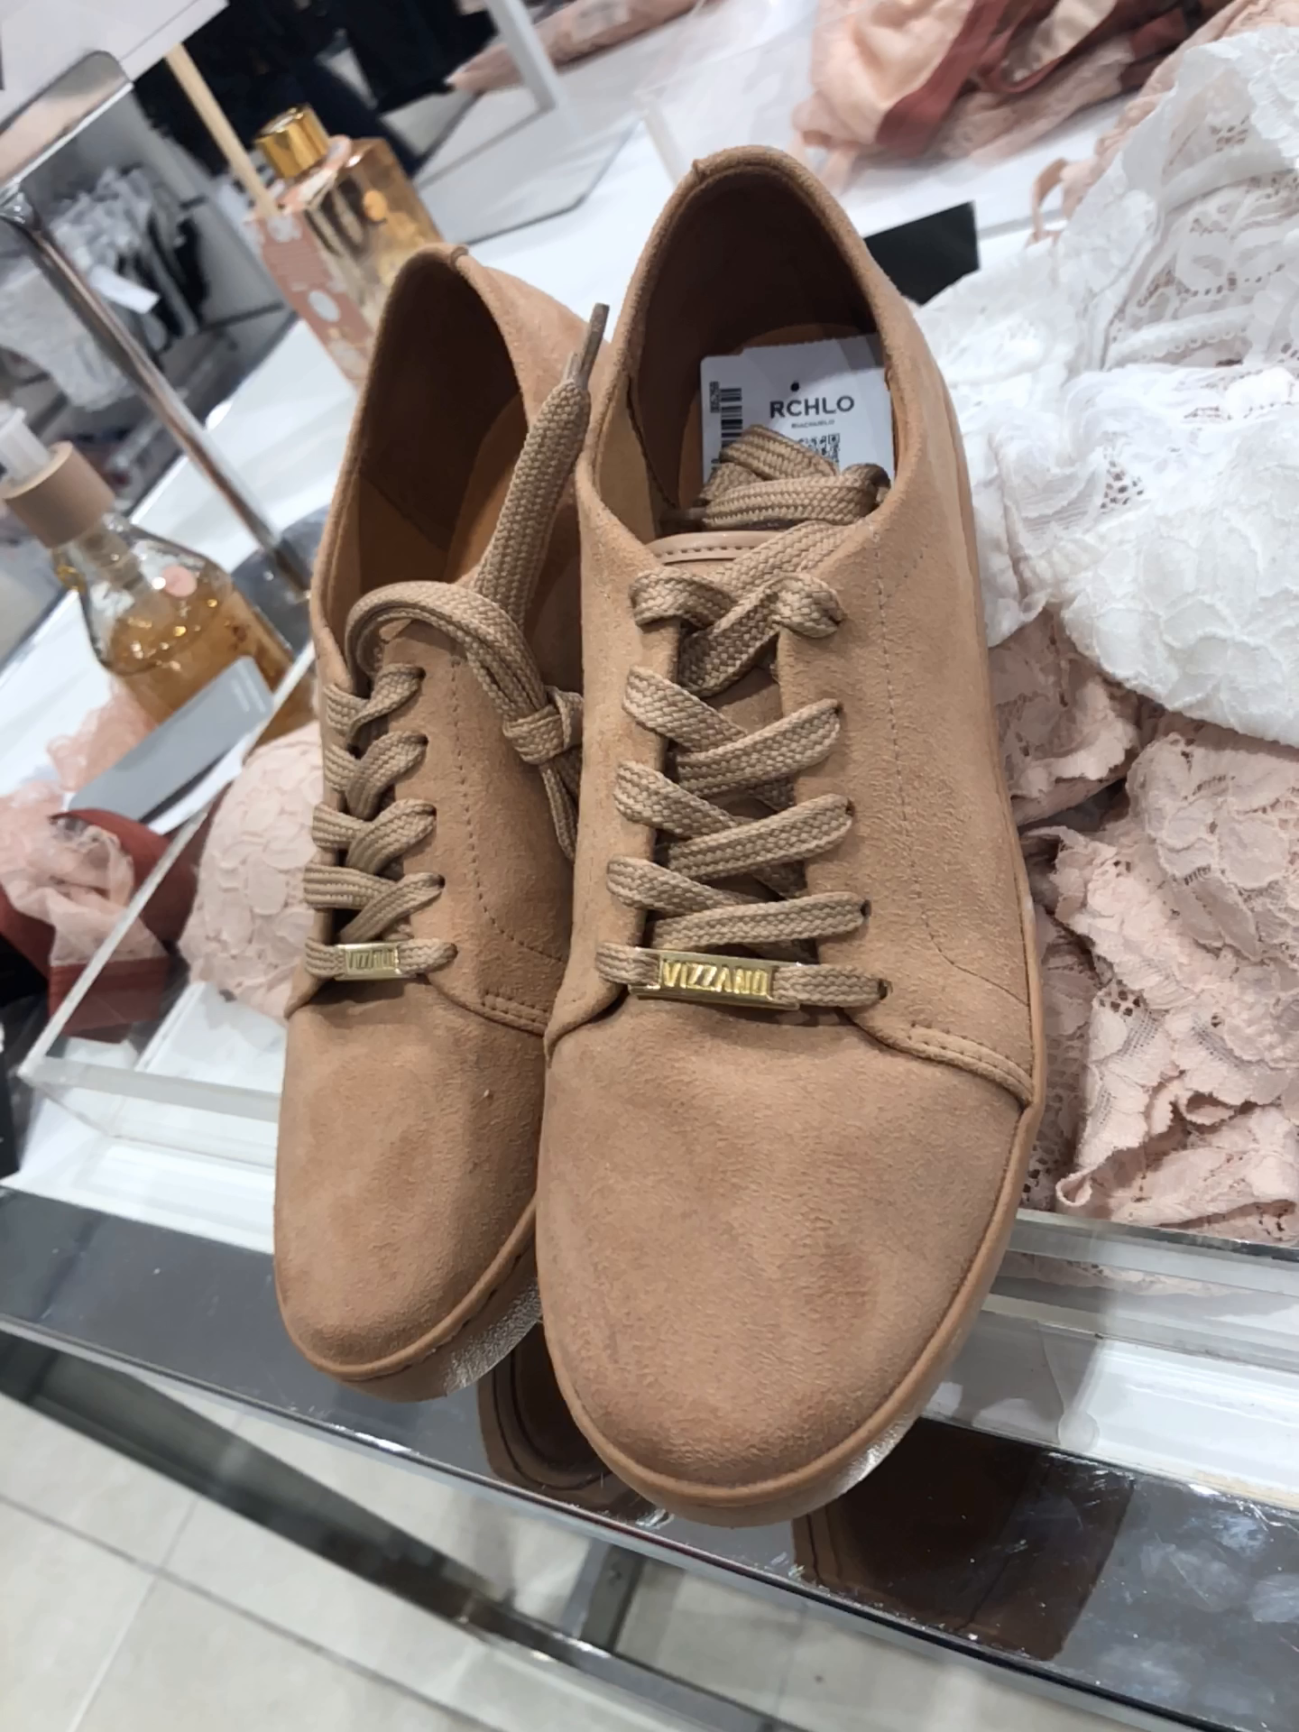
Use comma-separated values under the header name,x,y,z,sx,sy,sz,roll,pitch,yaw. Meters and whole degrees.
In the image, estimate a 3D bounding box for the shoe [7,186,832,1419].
name,x,y,z,sx,sy,sz,roll,pitch,yaw
shoe,-0.038,-0.012,0.330,0.090,0.099,0.241,-1,68,34

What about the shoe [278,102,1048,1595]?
name,x,y,z,sx,sy,sz,roll,pitch,yaw
shoe,0.023,-0.007,0.266,0.090,0.099,0.241,1,65,17
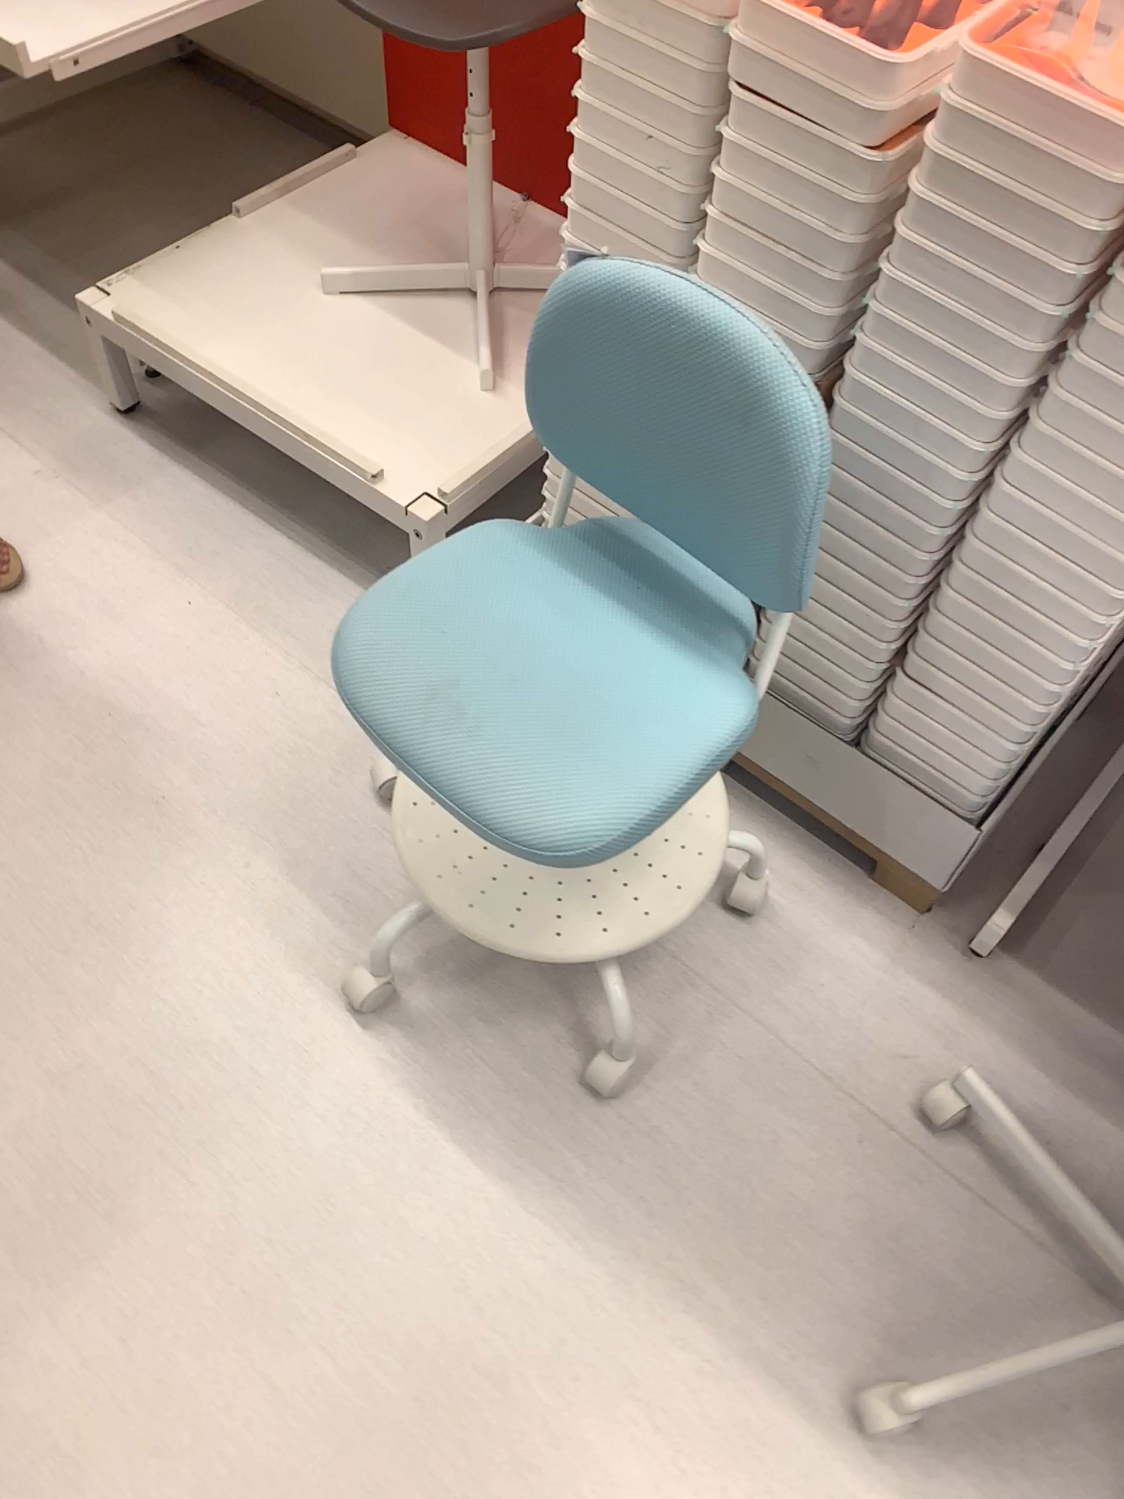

________________________

Restate the whole of the material word for word without the pictures.

▸ **RESULT OF THIS TASK**:
Use comma-separated values under the header name,x,y,z,sx,sy,sz,roll,pitch,yaw. Meters and whole degrees.
In the image, estimate a 3D bounding box for the shoe [7,186,832,1419].
name,x,y,z,sx,sy,sz,roll,pitch,yaw
shoe,-0.038,-0.012,0.330,0.090,0.099,0.241,-1,68,34

What about the shoe [278,102,1048,1595]?
name,x,y,z,sx,sy,sz,roll,pitch,yaw
shoe,0.023,-0.007,0.266,0.090,0.099,0.241,1,65,17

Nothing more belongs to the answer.